Patrick Berry’s Wall Street Journal Saturday Puzzle, “Telescopes”
Mea culpa for last week—my browser took me to page 2 of the WSJ puzzles, and I mixed up September and October and somehow decided that the most recent puzzle posted was the regular Friday one and the Saturday one wasn’t up, but in fact it was, right at the top of page 1. I have the 10/6 Hex cryptic printed out, but that’s as far as I’ve gotten.
I love the way this week’s puzzle plays out its endgame, with the telescoped letters that are shared by two adjacent answers forming a constellation of letters that spell out a brilliant quote from Arthur C. Clarke: “I don’t believe in astrology. I’m a Sagittarius and we’re skeptical.” Ha!
The fill in the grid tends to be shorter, more pedestrian material rather than the sorts of long phrases Berry spoils us with in his Rows Gardens. When Row 1 is PEGS/RA(ID)/(ID)ES/CASKS, there is less joy in the process of teasing out answers from the clues.
I started solving this puzzle before I’d read the instructions, but Row 1 quickly revealed that it didn’t have enough squares for its four answers, so I was then reminded to look at the instructions. Note to self: glance at instructions before solving.
4.5 stars. It is a mystery how Patrick Berry managed to break a quote into 1- to 3-letter chunks, put them in a grid with certain Across words overlapping by those letters and no others, and have ordinary Down answers intersecting the whole shebang.

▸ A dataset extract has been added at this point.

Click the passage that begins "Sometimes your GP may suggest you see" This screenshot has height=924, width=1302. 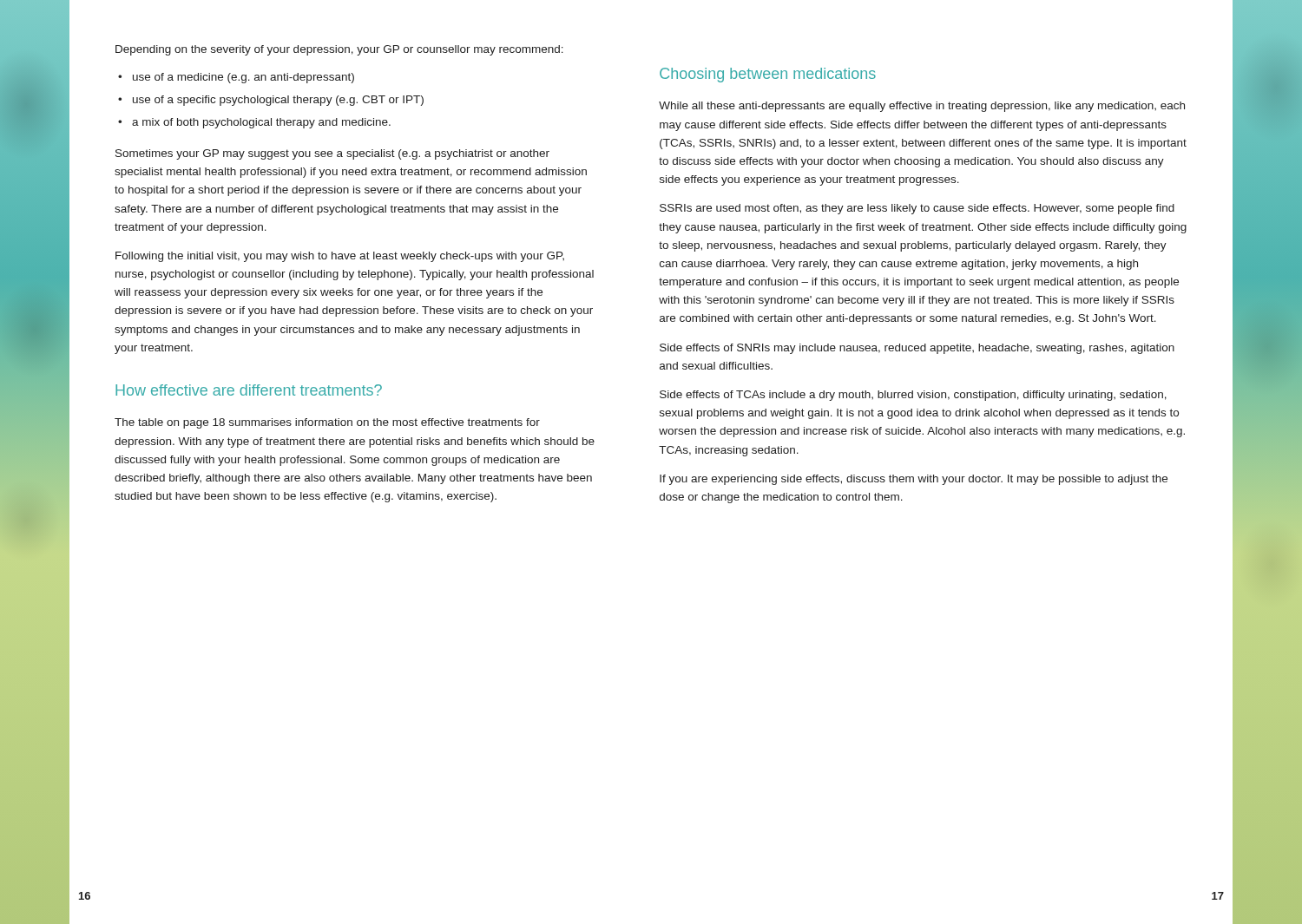click(x=356, y=190)

I’m amazed that my Quick & Dirty Index puts this as Easy. Another Whupper for me. I agree that much depends on when you see the light re Apple. I carefully noted that it was capitalized, but that didn’t help, especially with MC right there in the middle… Evil.
I found the SE easy, and everything else was a struggle– every corner, practically every letter. e.g. BLOOD DONOR? no ORGAN DONOR, no, ah, SPERM DONOR… My fingers are bleeding…

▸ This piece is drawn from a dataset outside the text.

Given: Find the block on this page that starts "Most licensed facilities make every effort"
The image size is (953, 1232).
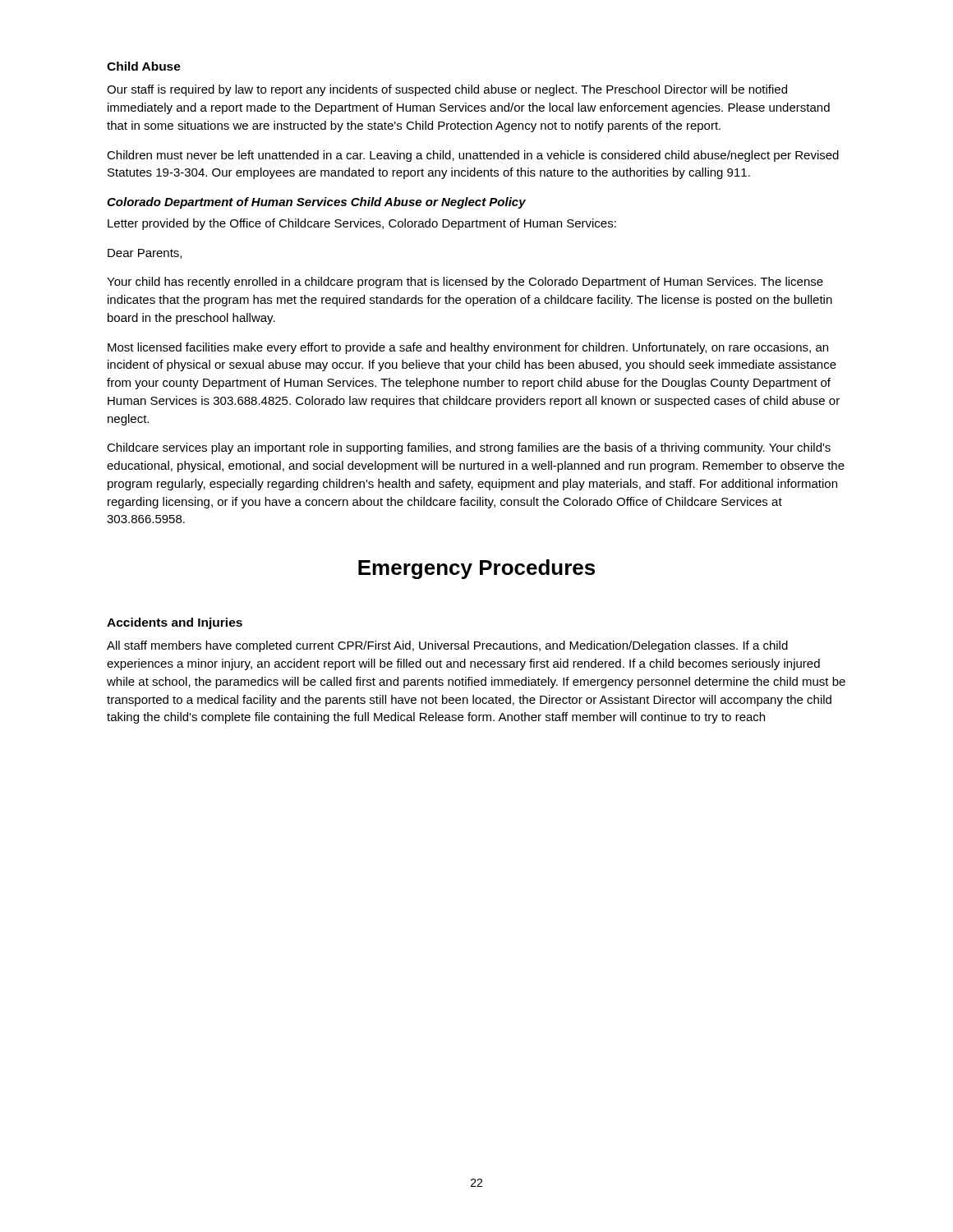Looking at the screenshot, I should 473,382.

PS. I still don’t get that SECRET SANTA clue…
“Company’s present occasion” would be an opportunity to play Secret Santa for someone you work with by surprising them with a gift or gifts in December. Sometimes names are drawn out of a hat, and you keep the person you are treating to goodies a secret.
Thanks, Jan. I guess I never heard that expression…
Fastest Saturday ever for me … and, boy, those central 15s are easy if you are fortunate enough to be starting with LENNO and PAPER.
Nice clue for PENALTY BOX.
LAT: Hanging here and there,
The mildewed haystacks, all a-lop,
And the old dead stub with the crow
at the top.
NYT: Easy-medium here; Agree with you though, if I cracked LENNONMCCARTNEY/PAPERBACKWRITER quicker I’d have destroyed the puzzle. Beautiful grid though, can’t see a thing to frown at, and then there’s THESTROLL, SPERMDONOR etc. etc. 5 Stars! P.S. I can’t be the only one who didn’t put BRYAN in straight away because they couldn’t trust such an obvious answer in a Saturday puzzle!
LAT was a DNF. Finish everything except pretty much the left 3/4 columns in 5-ish. Clawed my way to all but 2 squares, but they were a bridge too far. Got SKATEBOARD off BOARD but PALMREADER had me stumped and FROZENROPE is a foreign language. Never heard of KARA (I eventually got the section by trying various potential female names beginning with K!). My one blank square though was actually BENET/CES. In hindsight maybe E was the most likely for the surname. My only finger into the stack below was PROHIBIT, until OGLALA emerged from somewhere and led to ARTFORGERY. Even so I “finished” with NEL?/CHA?SE. All the stacks contain interesting answers, this is still a very nice themeless; every now and then, you’re just that guy whose personal knowledge means a cross or two are impossible.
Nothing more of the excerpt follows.